* [EXERCISE INSTRUCTIONS] Each line of the records containing "output" is to be copied out and returned.

Stored data entries

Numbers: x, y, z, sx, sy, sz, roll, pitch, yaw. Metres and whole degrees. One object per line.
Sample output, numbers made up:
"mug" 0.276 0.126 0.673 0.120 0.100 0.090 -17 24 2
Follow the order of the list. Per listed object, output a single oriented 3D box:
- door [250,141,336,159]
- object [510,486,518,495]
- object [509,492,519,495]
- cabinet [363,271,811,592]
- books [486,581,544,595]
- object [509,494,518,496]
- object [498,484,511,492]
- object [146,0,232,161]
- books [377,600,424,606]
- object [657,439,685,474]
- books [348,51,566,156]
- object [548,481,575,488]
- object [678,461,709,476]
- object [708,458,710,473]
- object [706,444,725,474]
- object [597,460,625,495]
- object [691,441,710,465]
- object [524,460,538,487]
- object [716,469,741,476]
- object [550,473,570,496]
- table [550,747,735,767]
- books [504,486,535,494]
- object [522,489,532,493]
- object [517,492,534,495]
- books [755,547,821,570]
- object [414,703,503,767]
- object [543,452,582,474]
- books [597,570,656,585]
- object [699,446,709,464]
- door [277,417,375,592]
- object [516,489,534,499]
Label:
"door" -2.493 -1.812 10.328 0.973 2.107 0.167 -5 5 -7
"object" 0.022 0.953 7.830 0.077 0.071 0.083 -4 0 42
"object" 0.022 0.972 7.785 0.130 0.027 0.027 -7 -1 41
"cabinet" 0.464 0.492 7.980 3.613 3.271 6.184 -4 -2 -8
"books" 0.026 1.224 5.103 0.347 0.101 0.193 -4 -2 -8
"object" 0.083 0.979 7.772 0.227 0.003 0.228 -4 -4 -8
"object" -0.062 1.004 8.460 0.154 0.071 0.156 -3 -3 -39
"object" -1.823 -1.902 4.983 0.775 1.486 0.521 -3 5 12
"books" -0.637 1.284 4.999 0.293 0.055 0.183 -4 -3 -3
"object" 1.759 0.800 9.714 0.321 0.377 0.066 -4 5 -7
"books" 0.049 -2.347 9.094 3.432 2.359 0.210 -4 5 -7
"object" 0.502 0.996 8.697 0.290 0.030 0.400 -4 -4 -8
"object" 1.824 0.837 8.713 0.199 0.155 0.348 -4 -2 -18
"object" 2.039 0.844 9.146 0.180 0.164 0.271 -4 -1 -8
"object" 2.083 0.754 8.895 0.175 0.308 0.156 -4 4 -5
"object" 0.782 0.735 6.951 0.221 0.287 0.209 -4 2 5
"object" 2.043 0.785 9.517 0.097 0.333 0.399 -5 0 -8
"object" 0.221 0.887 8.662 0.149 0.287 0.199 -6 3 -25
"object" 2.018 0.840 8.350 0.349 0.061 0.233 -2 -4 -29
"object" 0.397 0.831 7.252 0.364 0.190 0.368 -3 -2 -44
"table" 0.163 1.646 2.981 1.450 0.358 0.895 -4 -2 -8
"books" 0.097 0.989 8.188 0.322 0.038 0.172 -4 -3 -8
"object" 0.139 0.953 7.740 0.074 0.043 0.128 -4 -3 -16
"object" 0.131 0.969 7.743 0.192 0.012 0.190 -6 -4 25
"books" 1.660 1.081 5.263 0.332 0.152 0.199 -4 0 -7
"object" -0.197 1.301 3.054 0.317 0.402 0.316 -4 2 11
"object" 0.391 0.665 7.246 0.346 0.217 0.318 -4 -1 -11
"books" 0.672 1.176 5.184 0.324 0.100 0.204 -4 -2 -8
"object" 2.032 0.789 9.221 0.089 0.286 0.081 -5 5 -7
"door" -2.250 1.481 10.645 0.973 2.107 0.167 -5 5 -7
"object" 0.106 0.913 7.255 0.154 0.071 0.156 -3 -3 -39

* [WRITTEN ANSWER]
Sample output, numbers made up:
Follow the order of the list. Per listed object, output a single oriented 3D box:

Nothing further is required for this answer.